Much of our research involves use of remote sensing measurements to better understand hydrologic states and fluxes. Remote sensing measurements have begun to allow hydrologists to make better inferences about hydrologic processes at larger spatial scales. The challenge is that the remotely sensed quantities are only indirectly related to the hydrologic quantities of interest. This has launched a new and exciting field of hydrologists working to interpret reflected, emitted, and scattered light waves, in order to better understand hydrologic processes.
Despite its critical importance, especially semi-arid regions of the world, our knowledge of snow spatial and temporal properties is highly limited. Our group is exploring ways to use microwave remote sensing measurements and regional climate models to characterize large scale snow accumulation, especially in mountainous areas. In order to Understand the microwave measurements, we are also working on modeling of the microwave emission of snowpacks.

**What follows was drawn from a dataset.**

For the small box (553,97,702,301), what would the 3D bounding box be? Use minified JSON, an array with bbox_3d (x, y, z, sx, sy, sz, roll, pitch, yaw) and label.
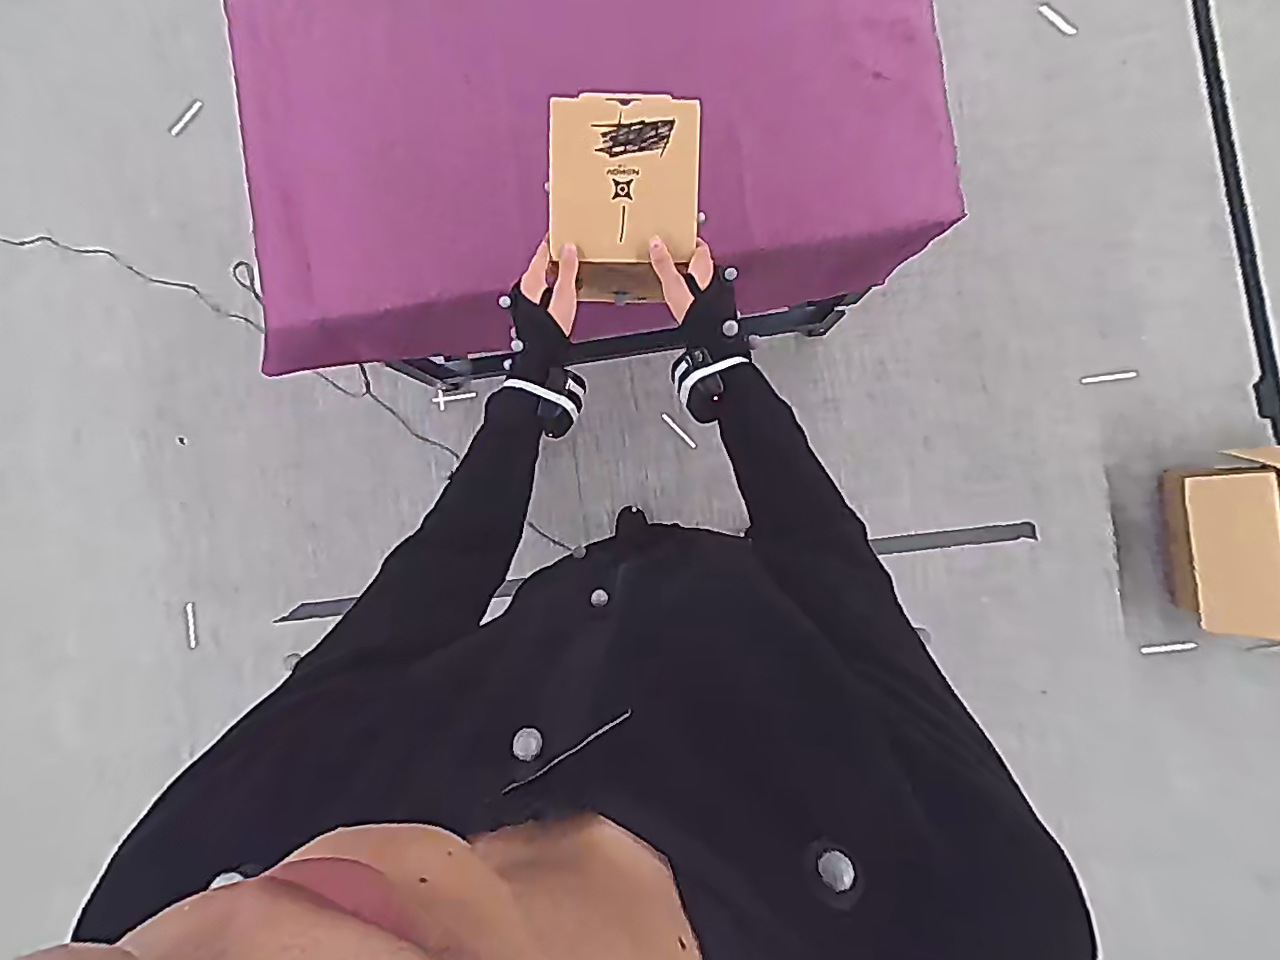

Global measurements of river discharge are on the decline, globally. Inasmuch as rivers represent an integrated response of all upstream watershed processes, ability to understand global hydrological processes is quite poor. The Surface Water and Ocean Topography (SWOT) satellite mission will measure water surface elevations, widths, and slopes globally, and provide the basis for global estimation of discharge in large rivers (greater than 50 m in width), and storage change in large lakes. Our research group is exploring ways to estimate river discharge from measurements of water elevations.